At times, the show dabbles with exploring the guilt of the central heroes, but such equivocation is quickly shown to be misdirection. For instance, in one of the final scenes, KGB head Viktor Charkov (Alan Williams) intimidates Legasov in a holding cell, telling him that he lied for the state in a conference on the disaster in Vienna and had manipulated the party apparatus to favour himself in the past. He says that Legasov is as guilty as the rest of them, but the entire show has shown this is patently not true. The show begins with Legasov confessing all that has happened and then hanging himself, both avoiding the slow death of cancer caused by radiation and forcing the party’s hand when it comes to nuclear secrets. He is a martyr for the truth and has stepped up when his nation needed him.

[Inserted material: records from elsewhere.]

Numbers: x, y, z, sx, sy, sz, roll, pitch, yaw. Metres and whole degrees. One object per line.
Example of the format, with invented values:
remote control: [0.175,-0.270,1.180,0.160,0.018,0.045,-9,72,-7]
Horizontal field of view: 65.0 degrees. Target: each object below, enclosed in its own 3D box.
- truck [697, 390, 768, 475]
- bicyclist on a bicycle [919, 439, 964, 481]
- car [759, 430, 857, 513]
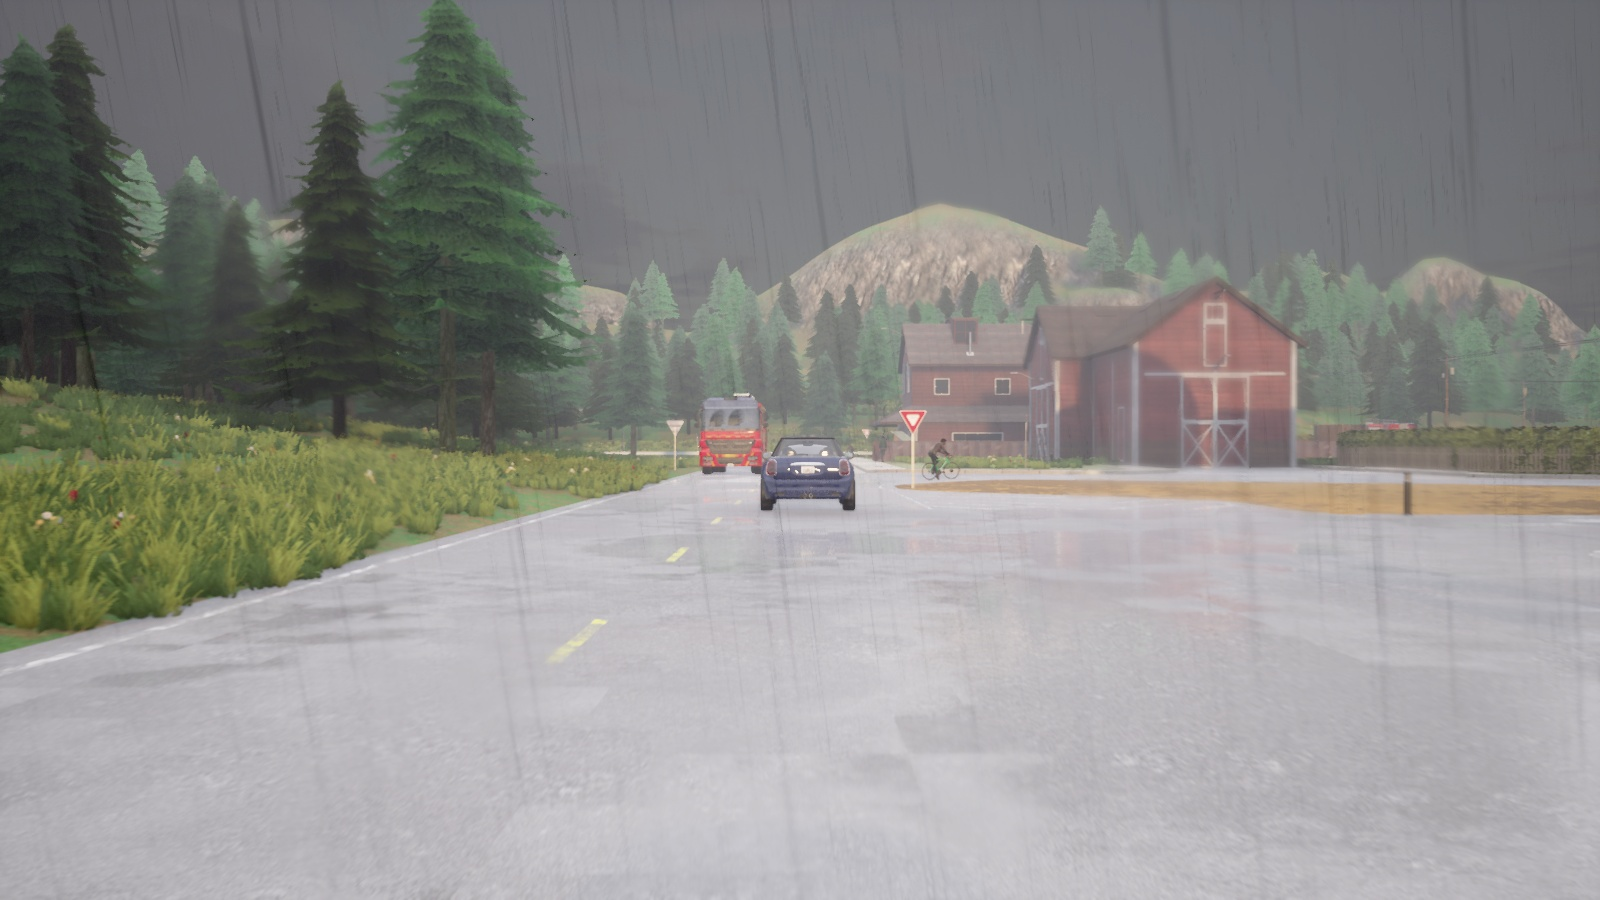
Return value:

He suffers for doing the right thing. His name is discredited by the party. He is swept into the shadows. He eventually dies. Others die too, thousands and perhaps tens of thousands of them due to radiation (estimates range from 4,000 fatalities to as many as 200,000). All these people are tools of the machine of power, but they are heroes nonetheless. In a show that is so dire and so bluntly distrustful of the state, it’s remarkably hopeful about ordinary people. It’s critical of the state as a structural organism, but believes wholeheartedly in the power of individuals united in a cause and working towards the betterment of others, which ironically, is what the state ought to be. Thus, even though Chernobyl operates mostly as a disaster epic, and even a horror film, at its heart it’s a heroic tragedy.

Chernobyl (HBO/Sky, 2019)

Series created and written by Craig Mazin; directed by Johan Renck; starring Jared Harris, Stellan Skarsgard, Emily Watson, Paul Ritter, Jessie Buckley, Adam Nagaitis, Con O’Neill, Adrian Rawlins, Sam Troughton, Robert Emms, David Dencik, Mark Lewis Jones, Alan Williams, Alex Ferns, Ralph Ineson, Barry Keoghan, Fares Fares, Michael McElhatton.